# Chorizo



## expatmat (Feb 12, 2013)

I'm vegetarian but it seems by some cruel twist of fate that him upstairs made the Iberian pig the tastiest thing on the planet. 

Where I used to cruise by rows of cumberlands on my way to stock up on celery and tofu in england I'm now spending an inordinate amount of time staring at those bad boys. 

As one meat eating friend once said to me over a beer round the campfire "it's hard to give up the red stuff". As a closet chorizo eateing "vegetarian" I agree. 

But, I'm pretty new to this world so would like to solicit some ideas about how you enjoy chorizo - 
- how do you normally eat it? 
- there seems quite a range at the supermercado and I don't have enough years left to sample them all do which ones feature in your top 5? 
- is there some kind of DOC classification for quality like with wines?


----------



## neddie (Jun 11, 2012)

.....this should set you on your way !! 

Chorizo - Spanish Pork Sausage - Spanish Chorizo

.....the fabada asturiana should be good.


----------



## Navas (Sep 2, 2012)

expatmat said:


> - how do you normally eat it?


With a large tomato cut in half and drizzled with olive oil and a bit of salt (rub the two halves of the tomato together) - and a chunk of bread.

Or get some cooking chorizo, fry it, add some red wine and cook it a couple more minutes. Eat with a chunk of bread to mop up the juices.

Yum!

Keep it simple


----------



## Uncover English (Apr 12, 2013)

*With bread*

In Argentina, we eat it with bread cut in halves as if you were eating a sandwich


----------



## Calas felices (Nov 29, 2007)

You can have it with horse meat too!!
Horse chorizo from Palencia (300gr)


----------



## thrax (Nov 13, 2008)

Try this:
250g good-quality semi-cured whole
chorizo
2 cloves of garlic
4 tbsp red wine vinegar
1 tbsp runny honey

Chorizo: Slice the chorizo into 2cm rounds (I cube it into 1 cm cubes). Put into the small frying pan with a splash of olive oil and toss occasionally until golden and crisp. Lightly bash 2 unpeeled cloves of garlic with the heel of your hand or the bottom of a saucepan and add to the pan.

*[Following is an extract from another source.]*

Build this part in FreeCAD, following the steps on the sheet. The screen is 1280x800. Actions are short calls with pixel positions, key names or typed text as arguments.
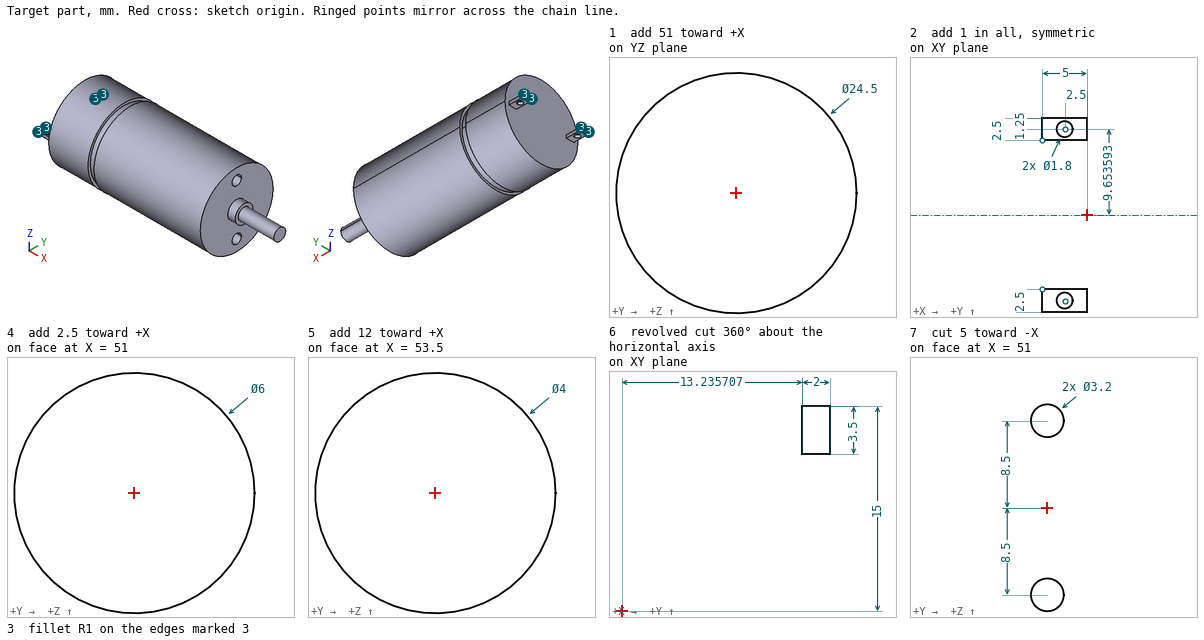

Carefully drain away most of the fat, leaving about 1 tablespoon of it behind. Add the red wine vinegar and runny honey and leave to reduce down to a really sticky glaze. Keep an eye on it, giving the pan a shake every so often so it doesn’t catch.

Serve hot with tortilla or rice or pitta bread or whatever takes your fancy.... let it cool a bit and serve it with a salad with cooked red peppers. Lovely


----------